1. Get 24 boxes of condoms and randomly put them in people's carts when they aren't looking.


2. Set all the alarm clocks in Housewares to go off at 5-minute intervals.


3. Make a trail of tomato juice on the floor leading to the rest rooms.


4. Walk up to an employee and tell him/her in an official tone, Code 3 in house ware..... and see what happens.


5. Go the Service Desk and ask to put a bag of M&M's on lay away.


6. Move a 'CAUTION - WET FLOOR' sign to a carpeted area.
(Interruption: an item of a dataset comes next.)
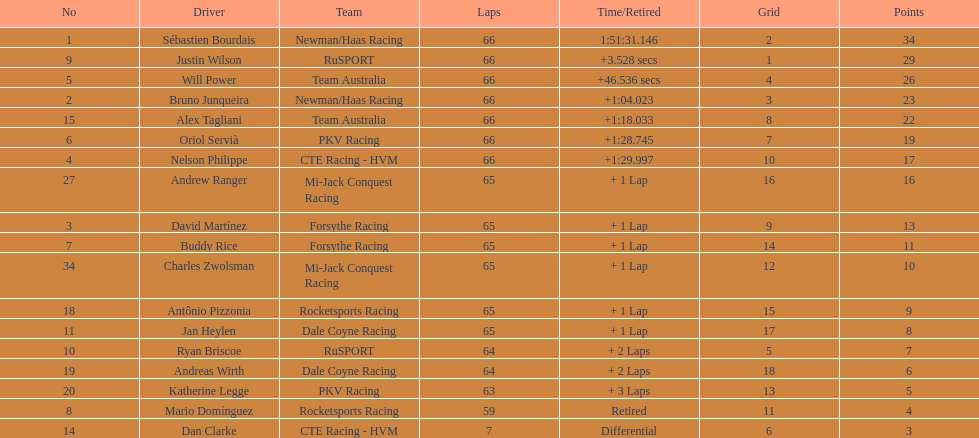Rice ended up 10th. who concluded subsequently? Charles Zwolsman. 
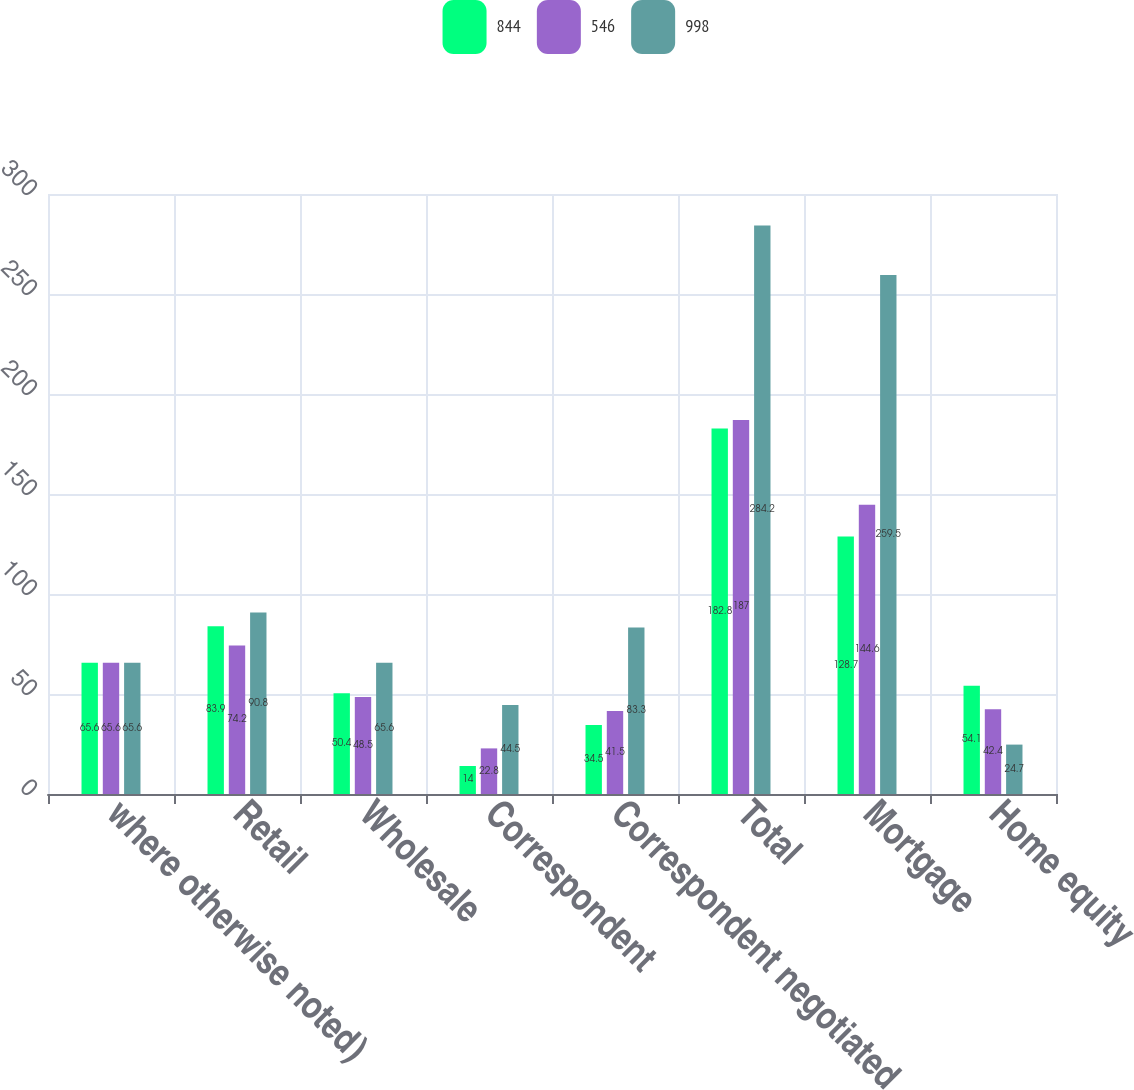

7. Set up a tent in the camping department and tell other shoppers you'll invite them in if they'll bring pillows from the bedding department.


8. When a clerk asks if they can help you, begin to cry and ask, Why can't you people just leave me alone?


9. Look right into the security camera; use it as a mirror, and pick your nose.


10. While handling guns in the hunting department, ask the clerk if he knows where the anti- depressants are.


11. Dart around the store suspiciously loudly humming the "Mission Impossible" theme.


12. In the auto department, practice your "Madonna look" using different size funnels.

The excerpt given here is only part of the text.